■ **RECORDS FOR THIS TASK**:
***

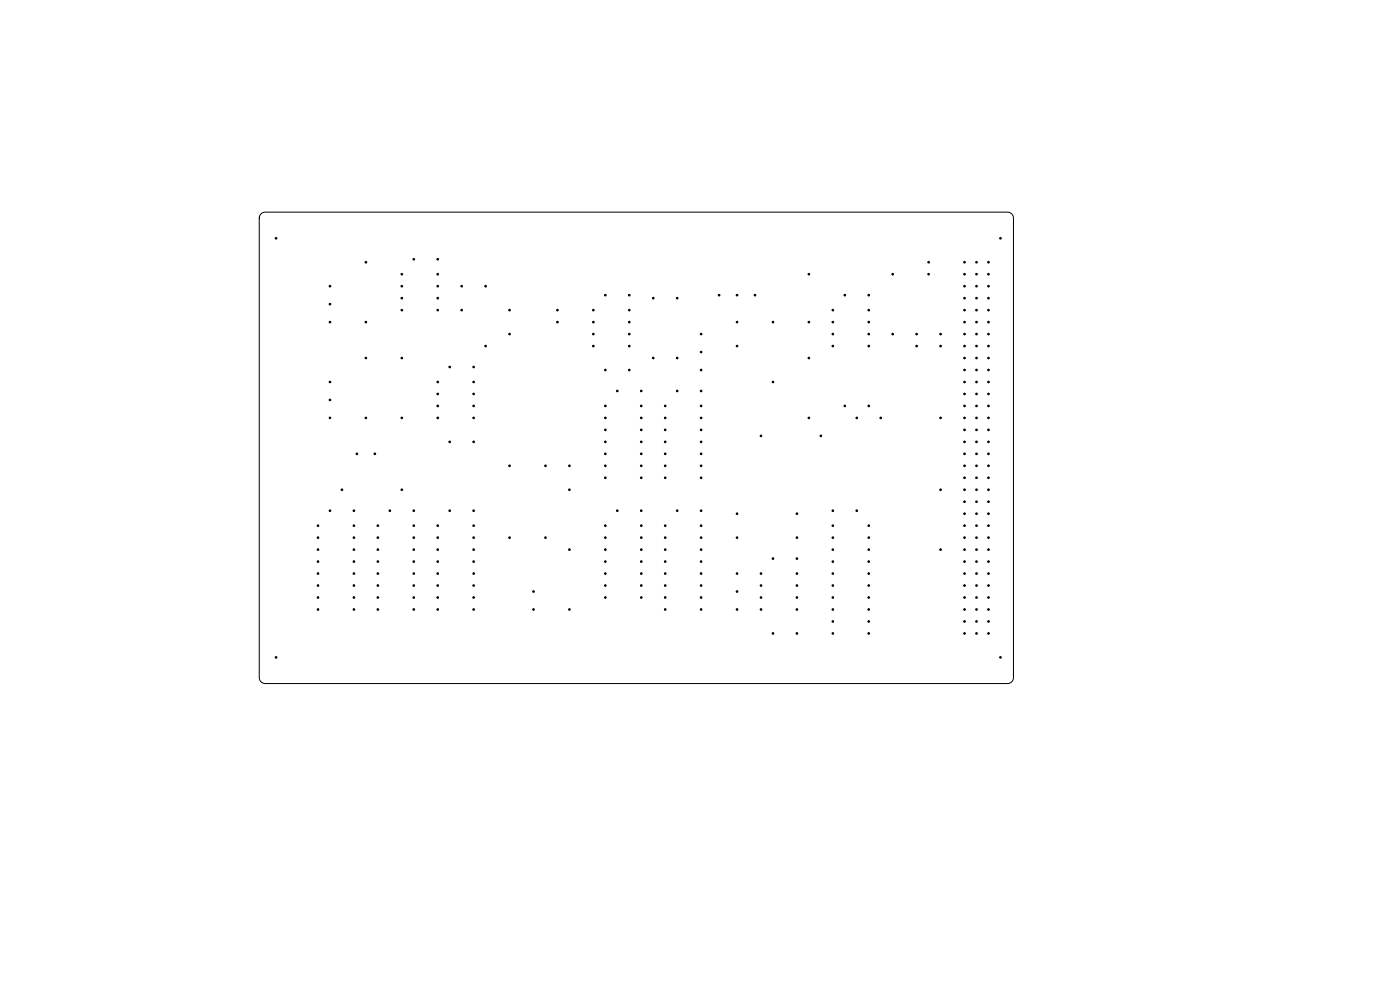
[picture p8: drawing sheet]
<svg xmlns="http://www.w3.org/2000/svg" width="297mm" height="210mm" viewBox="0 0 297 210" stroke-linecap="round" stroke-linejoin="round" font-family="sans-serif">
<path d="M55.4 45.4l.9-.4h157.4a1.27 1.27 0 0 1 1.3 1.3v97.4a1.27 1.27 0 0 1-1.3 1.3h-157.4a1.27 1.27 0 0 1-1.3-1.3v-97.4z" fill="none" stroke="#000" stroke-width=".21"/>
<g fill="#000" stroke="#000" stroke-width=".21">
<circle cx="58.6" cy="50.6" r=".17"/>
<circle cx="77.6" cy="55.6" r=".17"/>
<circle cx="85.2" cy="58.2" r=".17"/>
<circle cx="87.8" cy="55" r=".17"/>
<circle cx="92.9" cy="58.2" r=".17"/>
<circle cx="92.9" cy="55" r=".17"/>
<circle cx="171.6" cy="58.2" r=".17"/>
<circle cx="189.4" cy="58.2" r=".17"/>
<circle cx="197" cy="55.6" r=".17"/>
<circle cx="197" cy="58.2" r=".17"/>
<circle cx="204.6" cy="58.2" r=".17"/>
<circle cx="204.6" cy="55.6" r=".17"/>
<circle cx="207.2" cy="55.6" r=".17"/>
<circle cx="207.2" cy="58.2" r=".17"/>
<circle cx="209.7" cy="55.6" r=".17"/>
<circle cx="209.7" cy="58.2" r=".17"/>
<circle cx="212.2" cy="50.6" r=".17"/>
<circle cx="70" cy="60.7" r=".17"/>
<circle cx="70" cy="68.3" r=".17"/>
<circle cx="70" cy="64.5" r=".17"/>
<circle cx="77.6" cy="76" r=".17"/>
<circle cx="77.6" cy="68.3" r=".17"/>
<circle cx="85.2" cy="63.3" r=".17"/>
<circle cx="85.2" cy="60.7" r=".17"/>
<circle cx="85.2" cy="76" r=".17"/>
<circle cx="85.2" cy="65.8" r=".17"/>
<circle cx="92.9" cy="63.3" r=".17"/>
<circle cx="92.9" cy="65.8" r=".17"/>
<circle cx="92.9" cy="60.7" r=".17"/>
<circle cx="95.4" cy="77.9" r=".17"/>
<circle cx="97.9" cy="65.8" r=".17"/>
<circle cx="97.9" cy="60.7" r=".17"/>
<circle cx="100.5" cy="77.9" r=".17"/>
<circle cx="103" cy="60.7" r=".17"/>
<circle cx="103" cy="73.4" r=".17"/>
<circle cx="108.1" cy="65.8" r=".17"/>
<circle cx="108.1" cy="70.9" r=".17"/>
<circle cx="118.3" cy="65.8" r=".17"/>
<circle cx="118.3" cy="68.3" r=".17"/>
<circle cx="125.9" cy="65.8" r=".17"/>
<circle cx="125.9" cy="70.9" r=".17"/>
<circle cx="125.9" cy="73.4" r=".17"/>
<circle cx="125.9" cy="68.3" r=".17"/>
<circle cx="128.4" cy="62.6" r=".17"/>
<circle cx="128.4" cy="78.5" r=".17"/>
<circle cx="133.5" cy="78.5" r=".17"/>
<circle cx="133.5" cy="62.6" r=".17"/>
<circle cx="133.5" cy="68.3" r=".17"/>
<circle cx="133.5" cy="73.4" r=".17"/>
<circle cx="133.5" cy="70.9" r=".17"/>
<circle cx="133.5" cy="65.8" r=".17"/>
<circle cx="138.6" cy="76" r=".17"/>
<circle cx="138.6" cy="63.3" r=".17"/>
<circle cx="143.7" cy="63.3" r=".17"/>
<circle cx="143.7" cy="76" r=".17"/>
<circle cx="148.7" cy="78.5" r=".17"/>
<circle cx="148.7" cy="74.7" r=".17"/>
<circle cx="148.7" cy="70.9" r=".17"/>
<circle cx="152.6" cy="62.6" r=".17"/>
<circle cx="156.4" cy="68.3" r=".17"/>
<circle cx="156.4" cy="73.4" r=".17"/>
<circle cx="156.4" cy="62.6" r=".17"/>
<circle cx="160.2" cy="62.6" r=".17"/>
<circle cx="164" cy="68.3" r=".17"/>
<circle cx="171.6" cy="68.3" r=".17"/>
<circle cx="171.6" cy="76" r=".17"/>
<circle cx="176.7" cy="73.4" r=".17"/>
<circle cx="176.7" cy="65.8" r=".17"/>
<circle cx="176.7" cy="68.3" r=".17"/>
<circle cx="176.7" cy="70.9" r=".17"/>
<circle cx="179.2" cy="62.6" r=".17"/>
<circle cx="184.3" cy="62.6" r=".17"/>
<circle cx="184.3" cy="65.8" r=".17"/>
<circle cx="184.3" cy="68.3" r=".17"/>
<circle cx="184.3" cy="73.4" r=".17"/>
<circle cx="184.3" cy="70.9" r=".17"/>
<circle cx="189.4" cy="70.9" r=".17"/>
<circle cx="194.5" cy="70.9" r=".17"/>
<circle cx="194.5" cy="73.4" r=".17"/>
<circle cx="199.5" cy="73.4" r=".17"/>
<circle cx="199.5" cy="70.9" r=".17"/>
<circle cx="204.6" cy="63.3" r=".17"/>
<circle cx="204.6" cy="78.5" r=".17"/>
<circle cx="204.6" cy="68.3" r=".17"/>
<circle cx="204.6" cy="60.7" r=".17"/>
<circle cx="204.6" cy="65.8" r=".17"/>
<circle cx="204.6" cy="73.4" r=".17"/>
<circle cx="204.6" cy="76" r=".17"/>
<circle cx="204.6" cy="70.9" r=".17"/>
<circle cx="207.2" cy="76" r=".17"/>
<circle cx="207.2" cy="63.3" r=".17"/>
<circle cx="207.2" cy="60.7" r=".17"/>
<circle cx="207.2" cy="65.8" r=".17"/>
<circle cx="207.2" cy="70.9" r=".17"/>
<circle cx="207.2" cy="78.5" r=".17"/>
<circle cx="207.2" cy="68.3" r=".17"/>
<circle cx="207.2" cy="73.4" r=".17"/>
<circle cx="209.7" cy="63.3" r=".17"/>
<circle cx="209.7" cy="78.5" r=".17"/>
<circle cx="209.7" cy="60.7" r=".17"/>
<circle cx="209.7" cy="76" r=".17"/>
<circle cx="209.7" cy="65.8" r=".17"/>
<circle cx="209.7" cy="73.4" r=".17"/>
<circle cx="209.7" cy="68.3" r=".17"/>
<circle cx="209.7" cy="70.9" r=".17"/>
<circle cx="70" cy="81" r=".17"/>
<circle cx="70" cy="84.8" r=".17"/>
<circle cx="70" cy="88.7" r=".17"/>
<circle cx="75.7" cy="96.3" r=".17"/>
<circle cx="77.6" cy="88.7" r=".17"/>
<circle cx="79.5" cy="96.3" r=".17"/>
<circle cx="85.2" cy="88.7" r=".17"/>
<circle cx="92.9" cy="83.6" r=".17"/>
<circle cx="92.9" cy="88.7" r=".17"/>
<circle cx="92.9" cy="81" r=".17"/>
<circle cx="92.9" cy="86.1" r=".17"/>
<circle cx="95.4" cy="93.7" r=".17"/>
<circle cx="100.5" cy="93.7" r=".17"/>
<circle cx="100.5" cy="88.7" r=".17"/>
<circle cx="100.5" cy="83.6" r=".17"/>
<circle cx="100.5" cy="86.1" r=".17"/>
<circle cx="100.5" cy="81" r=".17"/>
<circle cx="108.1" cy="98.8" r=".17"/>
<circle cx="115.7" cy="98.8" r=".17"/>
<circle cx="120.8" cy="98.8" r=".17"/>
<circle cx="128.4" cy="93.7" r=".17"/>
<circle cx="128.4" cy="96.3" r=".17"/>
<circle cx="128.4" cy="91.2" r=".17"/>
<circle cx="128.4" cy="88.7" r=".17"/>
<circle cx="128.4" cy="86.1" r=".17"/>
<circle cx="128.4" cy="98.8" r=".17"/>
<circle cx="131" cy="82.9" r=".17"/>
<circle cx="136" cy="93.7" r=".17"/>
<circle cx="136" cy="96.3" r=".17"/>
<circle cx="136" cy="91.2" r=".17"/>
<circle cx="136" cy="88.7" r=".17"/>
<circle cx="136" cy="86.1" r=".17"/>
<circle cx="136" cy="82.9" r=".17"/>
<circle cx="136" cy="98.8" r=".17"/>
<circle cx="141.1" cy="86.1" r=".17"/>
<circle cx="141.1" cy="91.2" r=".17"/>
<circle cx="141.1" cy="93.7" r=".17"/>
<circle cx="141.1" cy="98.8" r=".17"/>
<circle cx="141.1" cy="88.7" r=".17"/>
<circle cx="141.1" cy="96.3" r=".17"/>
<circle cx="143.7" cy="82.9" r=".17"/>
<circle cx="148.7" cy="96.3" r=".17"/>
<circle cx="148.7" cy="86.1" r=".17"/>
<circle cx="148.7" cy="98.8" r=".17"/>
<circle cx="148.7" cy="91.2" r=".17"/>
<circle cx="148.7" cy="93.7" r=".17"/>
<circle cx="148.7" cy="82.9" r=".17"/>
<circle cx="148.7" cy="88.7" r=".17"/>
<circle cx="161.4" cy="92.5" r=".17"/>
<circle cx="164" cy="81" r=".17"/>
<circle cx="171.6" cy="88.7" r=".17"/>
<circle cx="174.1" cy="92.5" r=".17"/>
<circle cx="179.2" cy="86.1" r=".17"/>
<circle cx="181.8" cy="88.7" r=".17"/>
<circle cx="184.3" cy="86.1" r=".17"/>
<circle cx="186.8" cy="88.7" r=".17"/>
<circle cx="199.5" cy="88.7" r=".17"/>
<circle cx="204.6" cy="81" r=".17"/>
<circle cx="204.6" cy="86.1" r=".17"/>
<circle cx="204.6" cy="88.7" r=".17"/>
<circle cx="204.6" cy="91.2" r=".17"/>
<circle cx="204.6" cy="93.7" r=".17"/>
<circle cx="204.6" cy="96.3" r=".17"/>
<circle cx="204.6" cy="98.8" r=".17"/>
<circle cx="204.6" cy="83.6" r=".17"/>
<circle cx="207.2" cy="81" r=".17"/>
<circle cx="207.2" cy="86.1" r=".17"/>
<circle cx="207.2" cy="88.7" r=".17"/>
<circle cx="207.2" cy="98.8" r=".17"/>
<circle cx="207.2" cy="83.6" r=".17"/>
<circle cx="207.2" cy="91.2" r=".17"/>
<circle cx="207.2" cy="93.7" r=".17"/>
<circle cx="207.2" cy="96.3" r=".17"/>
<circle cx="209.7" cy="81" r=".17"/>
<circle cx="209.7" cy="88.7" r=".17"/>
<circle cx="209.7" cy="98.8" r=".17"/>
<circle cx="209.7" cy="83.6" r=".17"/>
<circle cx="209.7" cy="86.1" r=".17"/>
<circle cx="209.7" cy="91.2" r=".17"/>
<circle cx="209.7" cy="93.7" r=".17"/>
<circle cx="209.7" cy="96.3" r=".17"/>
<circle cx="67.5" cy="111.5" r=".17"/>
<circle cx="67.5" cy="116.6" r=".17"/>
<circle cx="67.5" cy="119.1" r=".17"/>
<circle cx="67.5" cy="114.1" r=".17"/>
<circle cx="70" cy="108.3" r=".17"/>
<circle cx="72.5" cy="103.9" r=".17"/>
<circle cx="75.1" cy="108.3" r=".17"/>
<circle cx="75.1" cy="111.5" r=".17"/>
<circle cx="75.1" cy="114.1" r=".17"/>
<circle cx="75.1" cy="119.1" r=".17"/>
<circle cx="75.1" cy="116.6" r=".17"/>
<circle cx="80.2" cy="111.5" r=".17"/>
<circle cx="80.2" cy="116.6" r=".17"/>
<circle cx="80.2" cy="114.1" r=".17"/>
<circle cx="80.2" cy="119.1" r=".17"/>
<circle cx="82.7" cy="108.3" r=".17"/>
<circle cx="85.2" cy="103.9" r=".17"/>
<circle cx="87.8" cy="119.1" r=".17"/>
<circle cx="87.8" cy="108.3" r=".17"/>
<circle cx="87.8" cy="116.6" r=".17"/>
<circle cx="87.8" cy="111.5" r=".17"/>
<circle cx="87.8" cy="114.1" r=".17"/>
<circle cx="92.9" cy="114.1" r=".17"/>
<circle cx="92.9" cy="116.6" r=".17"/>
<circle cx="92.9" cy="111.5" r=".17"/>
<circle cx="92.9" cy="119.1" r=".17"/>
<circle cx="95.4" cy="108.3" r=".17"/>
<circle cx="100.5" cy="116.6" r=".17"/>
<circle cx="100.5" cy="108.3" r=".17"/>
<circle cx="100.5" cy="114.1" r=".17"/>
<circle cx="100.5" cy="111.5" r=".17"/>
<circle cx="100.5" cy="119.1" r=".17"/>
<circle cx="108.1" cy="114.1" r=".17"/>
<circle cx="115.7" cy="114.1" r=".17"/>
<circle cx="120.8" cy="103.9" r=".17"/>
<circle cx="120.8" cy="116.6" r=".17"/>
<circle cx="128.4" cy="114.1" r=".17"/>
<circle cx="128.4" cy="101.4" r=".17"/>
<circle cx="128.4" cy="111.5" r=".17"/>
<circle cx="128.4" cy="116.6" r=".17"/>
<circle cx="128.4" cy="119.1" r=".17"/>
<circle cx="131" cy="108.3" r=".17"/>
<circle cx="136" cy="108.3" r=".17"/>
<circle cx="136" cy="116.6" r=".17"/>
<circle cx="136" cy="119.1" r=".17"/>
<circle cx="136" cy="111.5" r=".17"/>
<circle cx="136" cy="114.1" r=".17"/>
<circle cx="136" cy="101.4" r=".17"/>
<circle cx="141.1" cy="114.1" r=".17"/>
<circle cx="141.1" cy="101.4" r=".17"/>
<circle cx="141.1" cy="111.5" r=".17"/>
<circle cx="141.1" cy="116.6" r=".17"/>
<circle cx="141.1" cy="119.1" r=".17"/>
<circle cx="143.7" cy="108.3" r=".17"/>
<circle cx="148.7" cy="108.3" r=".17"/>
<circle cx="148.7" cy="119.1" r=".17"/>
<circle cx="148.7" cy="111.5" r=".17"/>
<circle cx="148.7" cy="116.6" r=".17"/>
<circle cx="148.7" cy="114.1" r=".17"/>
<circle cx="148.7" cy="101.4" r=".17"/>
<circle cx="156.4" cy="114.1" r=".17"/>
<circle cx="156.4" cy="109" r=".17"/>
<circle cx="164" cy="118.5" r=".17"/>
<circle cx="169.1" cy="118.5" r=".17"/>
<circle cx="169.1" cy="114.1" r=".17"/>
<circle cx="169.1" cy="109" r=".17"/>
<circle cx="176.7" cy="111.5" r=".17"/>
<circle cx="176.7" cy="114.1" r=".17"/>
<circle cx="176.7" cy="116.6" r=".17"/>
<circle cx="176.7" cy="119.1" r=".17"/>
<circle cx="176.7" cy="108.3" r=".17"/>
<circle cx="181.8" cy="108.3" r=".17"/>
<circle cx="184.3" cy="114.1" r=".17"/>
<circle cx="184.3" cy="119.1" r=".17"/>
<circle cx="184.3" cy="111.5" r=".17"/>
<circle cx="184.3" cy="116.6" r=".17"/>
<circle cx="199.5" cy="116.6" r=".17"/>
<circle cx="199.5" cy="103.9" r=".17"/>
<circle cx="204.6" cy="106.4" r=".17"/>
<circle cx="204.6" cy="109" r=".17"/>
<circle cx="204.6" cy="101.4" r=".17"/>
<circle cx="204.6" cy="103.9" r=".17"/>
<circle cx="204.6" cy="111.5" r=".17"/>
<circle cx="204.6" cy="116.6" r=".17"/>
<circle cx="204.6" cy="114.1" r=".17"/>
<circle cx="204.6" cy="119.1" r=".17"/>
<circle cx="207.2" cy="109" r=".17"/>
<circle cx="207.2" cy="111.5" r=".17"/>
<circle cx="207.2" cy="119.1" r=".17"/>
<circle cx="207.2" cy="103.9" r=".17"/>
<circle cx="207.2" cy="114.1" r=".17"/>
<circle cx="207.2" cy="106.4" r=".17"/>
<circle cx="207.2" cy="116.6" r=".17"/>
<circle cx="207.2" cy="101.4" r=".17"/>
<circle cx="209.7" cy="109" r=".17"/>
<circle cx="209.7" cy="111.5" r=".17"/>
<circle cx="209.7" cy="116.6" r=".17"/>
<circle cx="209.7" cy="119.1" r=".17"/>
<circle cx="209.7" cy="101.4" r=".17"/>
<circle cx="209.7" cy="106.4" r=".17"/>
<circle cx="209.7" cy="114.1" r=".17"/>
<circle cx="209.7" cy="103.9" r=".17"/>
<circle cx="58.6" cy="139.5" r=".17"/>
<circle cx="67.5" cy="129.3" r=".17"/>
<circle cx="67.5" cy="126.8" r=".17"/>
<circle cx="67.5" cy="121.7" r=".17"/>
<circle cx="67.5" cy="124.2" r=".17"/>
<circle cx="75.1" cy="129.3" r=".17"/>
<circle cx="75.1" cy="126.8" r=".17"/>
<circle cx="75.1" cy="121.7" r=".17"/>
<circle cx="75.1" cy="124.2" r=".17"/>
<circle cx="80.2" cy="129.3" r=".17"/>
<circle cx="80.2" cy="126.8" r=".17"/>
<circle cx="80.2" cy="121.7" r=".17"/>
<circle cx="80.2" cy="124.2" r=".17"/>
<circle cx="87.8" cy="129.3" r=".17"/>
<circle cx="87.8" cy="126.8" r=".17"/>
<circle cx="87.8" cy="121.7" r=".17"/>
<circle cx="87.8" cy="124.2" r=".17"/>
<circle cx="92.9" cy="129.3" r=".17"/>
<circle cx="92.9" cy="126.8" r=".17"/>
<circle cx="92.9" cy="121.7" r=".17"/>
<circle cx="92.9" cy="124.2" r=".17"/>
<circle cx="100.5" cy="129.3" r=".17"/>
<circle cx="100.5" cy="126.8" r=".17"/>
<circle cx="100.5" cy="124.2" r=".17"/>
<circle cx="100.5" cy="121.7" r=".17"/>
<circle cx="113.2" cy="129.3" r=".17"/>
<circle cx="113.2" cy="125.5" r=".17"/>
<circle cx="120.8" cy="129.3" r=".17"/>
<circle cx="128.4" cy="126.8" r=".17"/>
<circle cx="128.4" cy="124.2" r=".17"/>
<circle cx="128.4" cy="121.7" r=".17"/>
<circle cx="136" cy="126.8" r=".17"/>
<circle cx="136" cy="124.2" r=".17"/>
<circle cx="136" cy="121.7" r=".17"/>
<circle cx="141.1" cy="129.3" r=".17"/>
<circle cx="141.1" cy="126.8" r=".17"/>
<circle cx="141.1" cy="124.2" r=".17"/>
<circle cx="141.1" cy="121.7" r=".17"/>
<circle cx="148.7" cy="129.3" r=".17"/>
<circle cx="148.7" cy="126.8" r=".17"/>
<circle cx="148.7" cy="121.7" r=".17"/>
<circle cx="148.7" cy="124.2" r=".17"/>
<circle cx="156.4" cy="129.3" r=".17"/>
<circle cx="156.4" cy="125.5" r=".17"/>
<circle cx="156.4" cy="121.7" r=".17"/>
<circle cx="161.4" cy="129.3" r=".17"/>
<circle cx="161.4" cy="126.8" r=".17"/>
<circle cx="161.4" cy="124.2" r=".17"/>
<circle cx="161.4" cy="121.7" r=".17"/>
<circle cx="164" cy="134.4" r=".17"/>
<circle cx="169.1" cy="129.3" r=".17"/>
<circle cx="169.1" cy="134.4" r=".17"/>
<circle cx="169.1" cy="126.8" r=".17"/>
<circle cx="169.1" cy="121.7" r=".17"/>
<circle cx="169.1" cy="124.2" r=".17"/>
<circle cx="176.7" cy="131.8" r=".17"/>
<circle cx="176.7" cy="129.3" r=".17"/>
<circle cx="176.7" cy="134.4" r=".17"/>
<circle cx="176.7" cy="126.8" r=".17"/>
<circle cx="176.7" cy="121.7" r=".17"/>
<circle cx="176.7" cy="124.2" r=".17"/>
<circle cx="184.3" cy="134.4" r=".17"/>
<circle cx="184.3" cy="129.3" r=".17"/>
<circle cx="184.3" cy="131.8" r=".17"/>
<circle cx="184.3" cy="126.8" r=".17"/>
<circle cx="184.3" cy="124.2" r=".17"/>
<circle cx="184.3" cy="121.7" r=".17"/>
<circle cx="204.6" cy="134.4" r=".17"/>
<circle cx="204.6" cy="131.8" r=".17"/>
<circle cx="204.6" cy="129.3" r=".17"/>
<circle cx="204.6" cy="126.8" r=".17"/>
<circle cx="204.6" cy="121.7" r=".17"/>
<circle cx="204.6" cy="124.2" r=".17"/>
<circle cx="207.2" cy="131.8" r=".17"/>
<circle cx="207.2" cy="134.4" r=".17"/>
<circle cx="207.2" cy="129.3" r=".17"/>
<circle cx="207.2" cy="126.8" r=".17"/>
<circle cx="207.2" cy="124.2" r=".17"/>
<circle cx="207.2" cy="121.7" r=".17"/>
<circle cx="209.7" cy="129.3" r=".17"/>
<circle cx="209.7" cy="131.8" r=".17"/>
<circle cx="209.7" cy="134.4" r=".17"/>
<circle cx="209.7" cy="126.8" r=".17"/>
<circle cx="209.7" cy="121.7" r=".17"/>
<circle cx="209.7" cy="124.2" r=".17"/>
<circle cx="212.2" cy="139.5" r=".17"/>
</g>
</svg>

***

■ **YOUR TASK**:
Within the entries, find all lines that contain "stroke" and copy each one.

■ **SOLUTION TO THIS EXERCISE**:
<svg xmlns="http://www.w3.org/2000/svg" width="297mm" height="210mm" viewBox="0 0 297 210" stroke-linecap="round" stroke-linejoin="round" font-family="sans-serif">
<path d="M55.4 45.4l.9-.4h157.4a1.27 1.27 0 0 1 1.3 1.3v97.4a1.27 1.27 0 0 1-1.3 1.3h-157.4a1.27 1.27 0 0 1-1.3-1.3v-97.4z" fill="none" stroke="#000" stroke-width=".21"/>
<g fill="#000" stroke="#000" stroke-width=".21">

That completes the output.